Even though we don't "secure" Azure's infrastructure ourselves, understanding the boundary helps with architecture decisions:

# View Azure resources you own (shared responsibility boundary)
az resource list --query "[].{id:id, type:type}" --output table

# Check VM status (your responsibility: keep patched and hardened)
az vm list --query "[].{name:name, vmId:vmId, provisioningState:provisioningState}" --output table

# List security groups (your responsibility: configure rules)
az network nsg list --query "[].{name:name, rules:securityRules[].name}" --output table

Real-world Use Case

Scenario: A financial services company moving to Azure must handle customer data.

Azure's responsibility: Keep data centers secure, prevent physical theft, run hypervisors safely.

Company's responsibility: Encrypt customer data, enforce MFA for admin access, scan apps for vulnerabilities, maintain network isolation.

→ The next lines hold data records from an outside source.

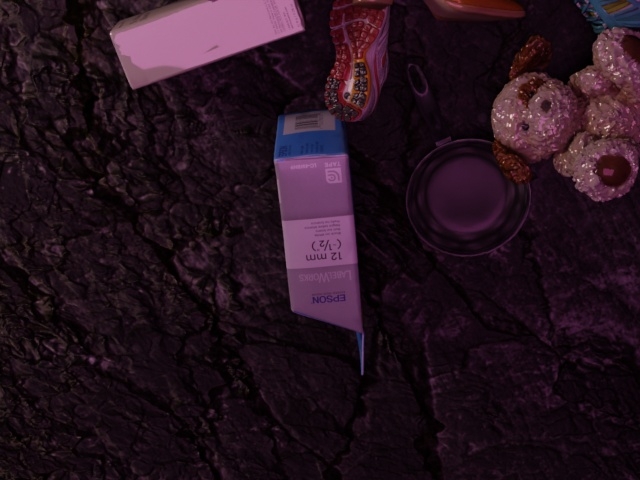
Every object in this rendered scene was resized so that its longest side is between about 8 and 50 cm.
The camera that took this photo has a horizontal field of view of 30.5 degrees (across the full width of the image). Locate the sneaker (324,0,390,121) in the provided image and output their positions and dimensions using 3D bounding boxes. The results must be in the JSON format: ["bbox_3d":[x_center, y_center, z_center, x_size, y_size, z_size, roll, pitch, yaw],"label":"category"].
[{"bbox_3d":[0.061,-0.290,1.772,0.088,0.093,0.225,14,97,23],"label":"sneaker"}]

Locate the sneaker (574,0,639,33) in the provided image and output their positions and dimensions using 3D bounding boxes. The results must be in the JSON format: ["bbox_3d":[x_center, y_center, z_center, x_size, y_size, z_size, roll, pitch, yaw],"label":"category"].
[{"bbox_3d":[0.425,-0.357,1.737,0.275,0.107,0.110,16,119,-7],"label":"sneaker"}]

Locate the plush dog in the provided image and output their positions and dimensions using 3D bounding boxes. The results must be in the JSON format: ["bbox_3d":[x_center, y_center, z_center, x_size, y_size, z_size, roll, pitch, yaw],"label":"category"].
[{"bbox_3d":[0.373,-0.185,1.782,0.225,0.210,0.262,11,83,10],"label":"plush dog"}]

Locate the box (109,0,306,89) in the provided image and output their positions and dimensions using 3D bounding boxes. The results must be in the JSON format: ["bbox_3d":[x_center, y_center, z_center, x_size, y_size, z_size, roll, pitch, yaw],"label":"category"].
[{"bbox_3d":[-0.163,-0.318,1.737,0.275,0.113,0.094,-18,110,5],"label":"box"}]

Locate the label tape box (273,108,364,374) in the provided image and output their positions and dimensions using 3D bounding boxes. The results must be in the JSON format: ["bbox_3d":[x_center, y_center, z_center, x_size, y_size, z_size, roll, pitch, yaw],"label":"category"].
[{"bbox_3d":[0.000,0.000,1.786,0.115,0.249,0.348,-3,111,0],"label":"label tape box"}]

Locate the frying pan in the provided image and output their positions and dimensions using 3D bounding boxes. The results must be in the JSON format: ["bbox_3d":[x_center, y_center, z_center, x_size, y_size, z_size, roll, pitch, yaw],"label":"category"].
[{"bbox_3d":[0.187,-0.112,1.852,0.326,0.053,0.197,42,105,-13],"label":"frying pan"}]

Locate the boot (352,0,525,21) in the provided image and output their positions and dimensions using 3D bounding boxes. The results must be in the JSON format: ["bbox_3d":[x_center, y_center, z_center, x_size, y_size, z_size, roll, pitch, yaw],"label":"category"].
[{"bbox_3d":[0.176,-0.433,1.706,0.295,0.104,0.211,4,91,-23],"label":"boot"}]
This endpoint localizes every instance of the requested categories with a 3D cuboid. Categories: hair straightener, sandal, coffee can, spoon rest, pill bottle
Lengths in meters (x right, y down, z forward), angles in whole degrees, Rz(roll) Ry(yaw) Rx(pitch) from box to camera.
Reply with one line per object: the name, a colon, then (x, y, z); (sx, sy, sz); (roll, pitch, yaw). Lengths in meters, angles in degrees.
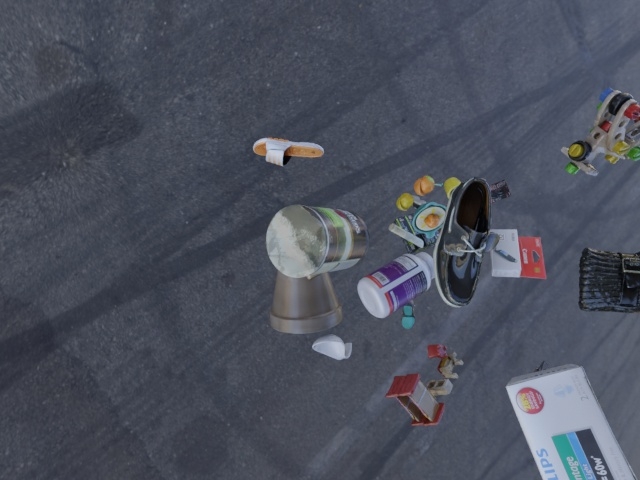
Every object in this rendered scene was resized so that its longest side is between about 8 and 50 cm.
hair straightener: (0.957, 0.596, 1.786); (0.089, 0.047, 0.230); (0, 130, 0)
sandal: (-0.122, -0.316, 1.497); (0.265, 0.102, 0.076); (4, 70, 7)
coffee can: (0.000, 0.000, 1.220); (0.275, 0.201, 0.201); (-3, 103, -60)
spoon rest: (0.067, 0.478, 1.812); (0.276, 0.137, 0.084); (36, 39, -54)
pill bottle: (0.327, 0.174, 1.697); (0.323, 0.181, 0.181); (-27, 113, -20)

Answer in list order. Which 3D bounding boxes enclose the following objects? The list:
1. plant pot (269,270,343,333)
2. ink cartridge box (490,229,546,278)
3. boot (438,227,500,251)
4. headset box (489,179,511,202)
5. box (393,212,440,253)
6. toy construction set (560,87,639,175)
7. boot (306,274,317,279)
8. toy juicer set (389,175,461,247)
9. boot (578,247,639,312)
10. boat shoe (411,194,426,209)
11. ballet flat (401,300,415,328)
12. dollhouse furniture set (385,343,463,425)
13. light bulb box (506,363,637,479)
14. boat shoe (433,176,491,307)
plant pot: (-0.074, 0.217, 1.790); (0.323, 0.323, 0.280); (-11, 101, -30)
ink cartridge box: (1.052, 0.066, 2.184); (0.066, 0.261, 0.296); (72, 26, -45)
boot: (0.617, -0.051, 1.813); (0.264, 0.280, 0.096); (-8, 123, -22)
headset box: (0.633, -0.174, 1.468); (0.062, 0.083, 0.032); (47, 31, -37)
box: (0.482, -0.045, 2.012); (0.184, 0.045, 0.190); (-17, 68, -13)
toy construction set: (0.856, -0.254, 1.156); (0.257, 0.309, 0.237); (-10, 140, -48)
boot: (0.004, 0.017, 1.602); (0.248, 0.090, 0.207); (-25, 75, -12)
toy juicer set: (0.359, -0.086, 1.459); (0.209, 0.089, 0.329); (7, 131, -19)
boot: (0.834, 0.042, 1.069); (0.131, 0.260, 0.348); (52, 55, -39)
boat shoe: (0.363, -0.143, 1.552); (0.046, 0.125, 0.038); (-5, 113, -15)
ballet flat: (0.435, 0.354, 2.013); (0.074, 0.074, 0.203); (-34, 138, -22)
dollhouse furniture set: (0.479, 0.626, 1.853); (0.201, 0.152, 0.374); (51, 48, -8)
light bulb box: (0.769, 0.590, 1.277); (0.361, 0.225, 0.358); (27, 43, -60)
boat shoe: (0.256, 0.003, 0.726); (0.084, 0.079, 0.233); (11, 84, -3)
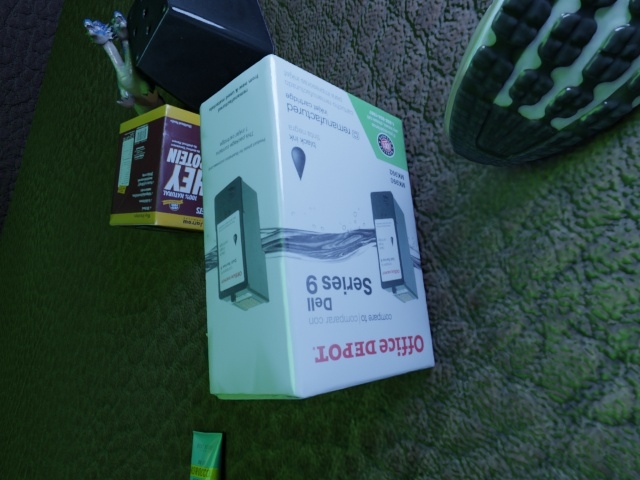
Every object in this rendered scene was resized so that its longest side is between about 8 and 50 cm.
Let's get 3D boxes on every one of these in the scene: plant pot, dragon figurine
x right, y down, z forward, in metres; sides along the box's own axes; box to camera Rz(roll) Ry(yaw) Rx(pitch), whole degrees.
[{"bbox_3d":[-0.218,-0.350,0.751,0.188,0.167,0.187,-37,60,37],"label":"plant pot"},{"bbox_3d":[-0.343,-0.297,0.853,0.085,0.289,0.143,-18,73,-1],"label":"dragon figurine"}]

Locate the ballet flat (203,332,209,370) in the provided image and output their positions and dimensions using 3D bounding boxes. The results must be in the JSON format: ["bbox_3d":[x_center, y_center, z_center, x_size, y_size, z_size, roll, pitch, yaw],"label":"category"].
[{"bbox_3d":[-0.126,0.119,0.666,0.074,0.074,0.203,50,121,37],"label":"ballet flat"}]

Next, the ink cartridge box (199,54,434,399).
[{"bbox_3d":[0.000,0.000,0.456,0.122,0.211,0.288,-16,74,41],"label":"ink cartridge box"}]

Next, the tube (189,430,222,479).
[{"bbox_3d":[-0.185,0.416,0.703,0.080,0.052,0.206,-14,69,33],"label":"tube"}]

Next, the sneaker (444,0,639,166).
[{"bbox_3d":[0.223,-0.254,0.354,0.410,0.158,0.182,-63,17,21],"label":"sneaker"}]

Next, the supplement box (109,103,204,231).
[{"bbox_3d":[-0.270,-0.114,0.796,0.192,0.129,0.193,1,86,45],"label":"supplement box"}]

If data is breached: If it's data center theft (rare), Azure is liable. If it's weak passwords or injection attacks (common), company is liable.

Summary

Shared Responsibility: Azure secures infrastructure; you secure identity, apps, and data.
Defense in Depth: Use multiple security layers—don't rely on one control.
Zero Trust: Never assume trust; always verify, authenticate, and use least privilege.

Interview Questions

Q (Beginner): What is the shared responsibility model?
A: Microsoft secures the cloud infrastructure (data centers, networks, hypervisors). You secure what runs on Azure (identity, applications, data encryption, network security).

Q (Beginner): Who is responsible for patching a VM OS?
A: You are. Azure provides the hardware and hypervisor; you must patch Windows or Linux updates.

Q (Intermediate): Explain defense in depth with an example.
A: Instead of just having a firewall, layer multiple controls. Example: SQL database = identity-based access + firewall rules + encryption at rest + private endpoint + network isolation. If one layer fails, others still protect.

Q (Intermediate): What does "assume breach" mean in Zero Trust?
A: Design as if attackers are already inside your network. Encrypt all data, segment networks, verify every access request, don't trust internal IPs automatically.

Q (Scenario): Your company was hit with ransomware that encrypted production data. What part is Azure's responsibility, and what's yours?
A: Azure's responsibility: ensure physical data center security, don't allow unauthorized access to infrastructure. Your responsibility: backup data offsite, segment networks so malware can't spread, enforce access controls, train employees on phishing. If ransomware got in through weak passwords or unpatched apps, that's on you.